Further, the client device (1226) may include and/or perform all or
a portion of one or more embodiments of the disclosure.
[0110] The computing system or group of computing systems described
in FIGS. 12A and 12B may include functionality to perform a variety
of operations disclosed herein. For example, the computing
system(s) may perform communication between processes on the same
or different systems. A variety of mechanisms, employing some form
of active or passive communication, may facilitate the exchange of
data between processes on the same device. Examples representative
of these inter-process communications include, but are not limited
to, the implementation of a file, a signal, a socket, a message
queue, a pipeline, a semaphore, shared memory, message passing, and
a memory-mapped file. Further details pertaining to a couple of
these non-limiting examples are provided below.

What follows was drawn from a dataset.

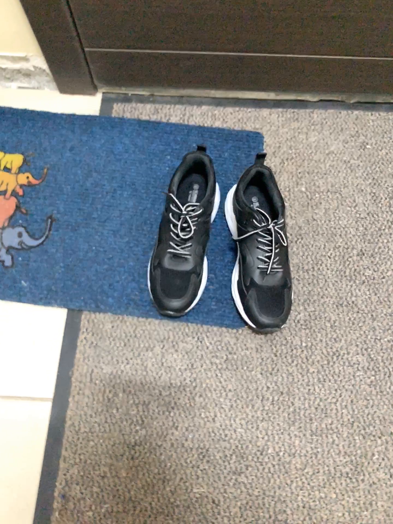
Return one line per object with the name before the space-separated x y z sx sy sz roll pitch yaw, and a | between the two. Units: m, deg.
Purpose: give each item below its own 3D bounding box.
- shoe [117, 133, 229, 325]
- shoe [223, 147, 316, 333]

[0111] Based on the client-server networking model, sockets may
serve as interfaces or communication channel end-points enabling
bidirectional data transfer between processes on the same device.

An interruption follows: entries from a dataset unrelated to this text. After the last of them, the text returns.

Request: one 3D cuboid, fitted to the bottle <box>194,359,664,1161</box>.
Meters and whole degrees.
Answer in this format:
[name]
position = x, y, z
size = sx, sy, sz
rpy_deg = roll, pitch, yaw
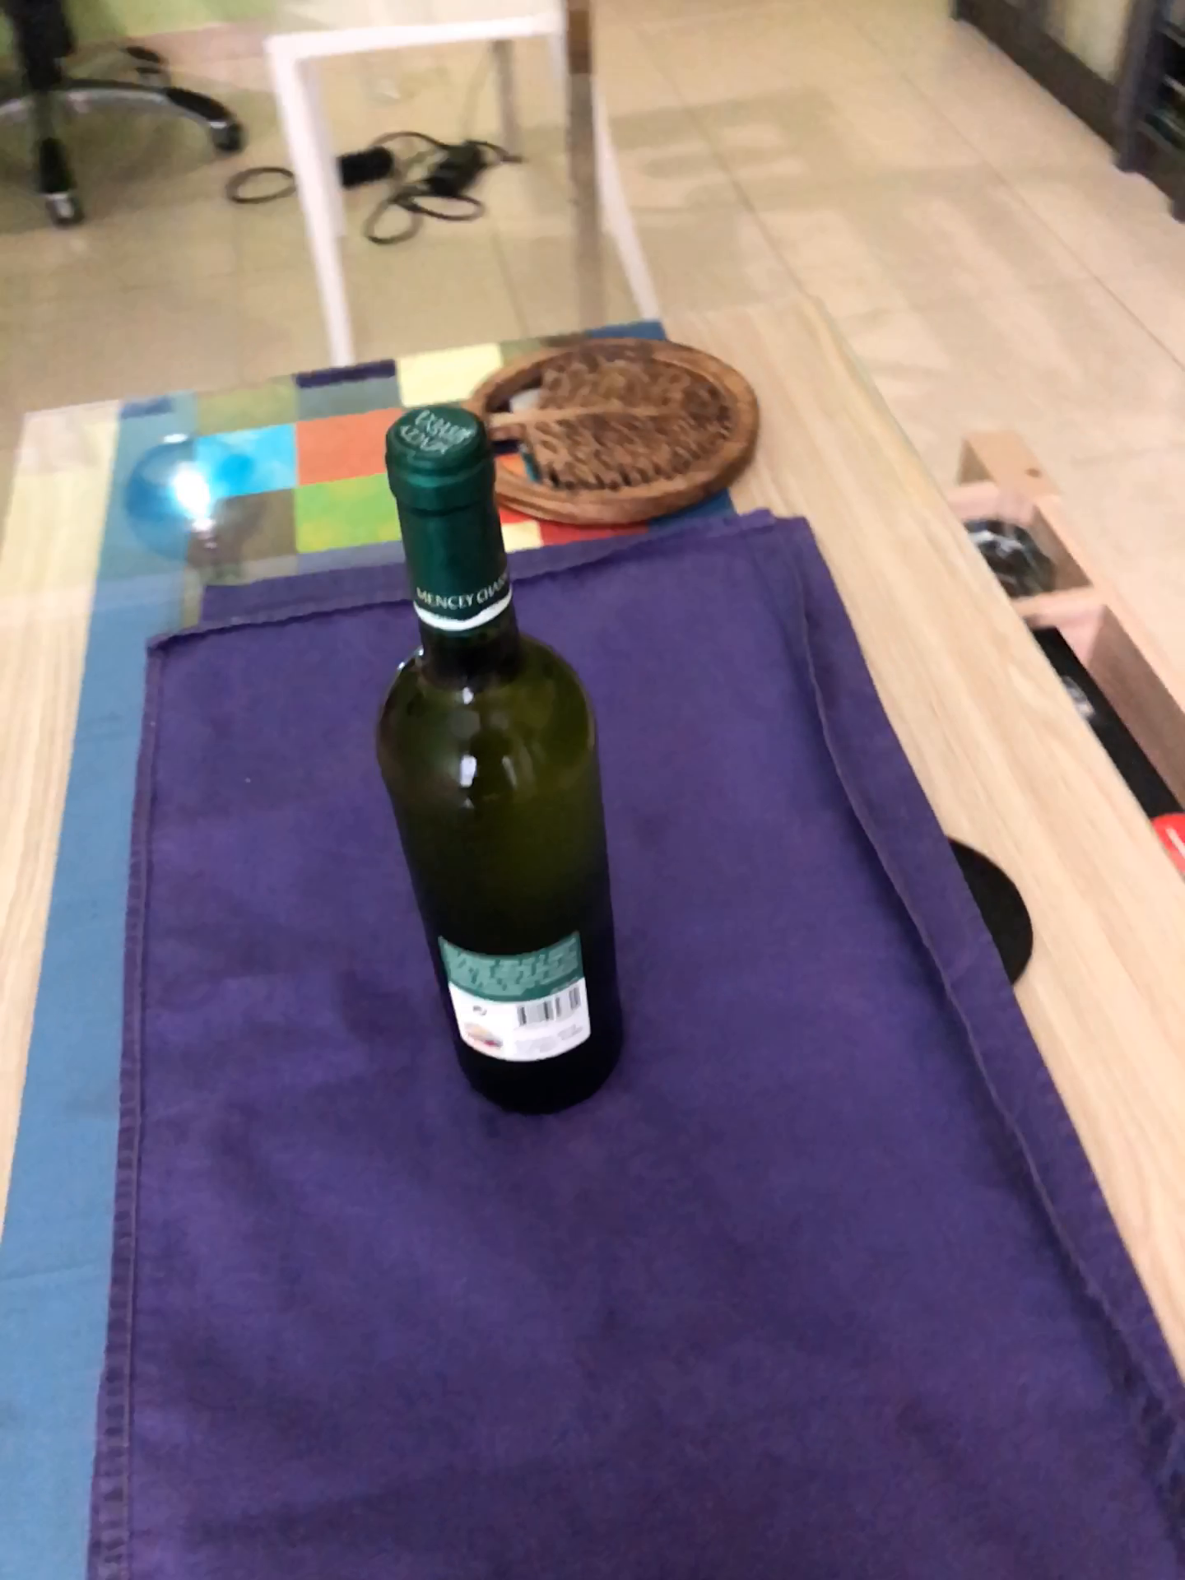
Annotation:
[bottle]
position = -0.031, 0.009, 0.423
size = 0.090, 0.269, 0.090
rpy_deg = -2, 47, 3

Foremost, following the client-server networking model, a server
process (e.g., a process that provides data) may create a first
socket object. Next, the server process binds the first socket
object, thereby associating the first socket object with a unique
name and/or address. After creating and binding the first socket
object, the server process then waits and listens for incoming
connection requests from one or more client processes (e.g.,
processes that seek data). At this point, when a client process
wishes to obtain data from a server process, the client process
starts by creating a second socket object. The client process then
proceeds to generate a connection request that includes at least
the second socket object and the unique name and/or address
associated with the first socket object. The client process then
transmits the connection request to the server process. Depending
on availability, the server process may accept the connection
request, establishing a communication channel with the client
process, or the server process, busy in handling other operations,
may queue the connection request in a buffer until the server
process is ready. An established connection informs the client
process that communications may commence. In response, the client
process may generate a data request specifying the data that the
client process wishes to obtain. The data request is subsequently
transmitted to the server process. Upon receiving the data request,
the server process analyzes the request and gathers the requested
data. Finally, the server process then generates a reply including
at least the requested data and transmits the reply to the client
process. The data may be transferred, more commonly, as datagrams
or a stream of characters (e.g., bytes).
[0112] Shared memory refers to the allocation of virtual memory
space in order to substantiate a mechanism for which data may be
communicated and/or accessed by multiple processes. In implementing
shared memory, an initializing process first creates a shareable
segment in persistent or non-persistent storage. Post creation, the
initializing process then mounts the shareable segment,
subsequently mapping the shareable segment into the address space
associated with the initializing process. Following the mounting,
the initializing process proceeds to identify and grant access
permission to one or more authorized processes that may also write
and read data to and from the shareable segment. Changes made to
the data in the shareable segment by one process may immediately
affect other processes, which are also linked to the shareable
segment. Further, when one of the authorized processes accesses the
shareable segment, the shareable segment maps to the address space
of that authorized process. Often, one authorized process may mount
the shareable segment, other than the initializing process, at any
given time.
[0113] Other techniques may be used to share data, such as the
various data described in the present application, between
processes without departing from the scope of the disclosure. The
processes may be part of the same or different application and may
execute on the same or different computing system.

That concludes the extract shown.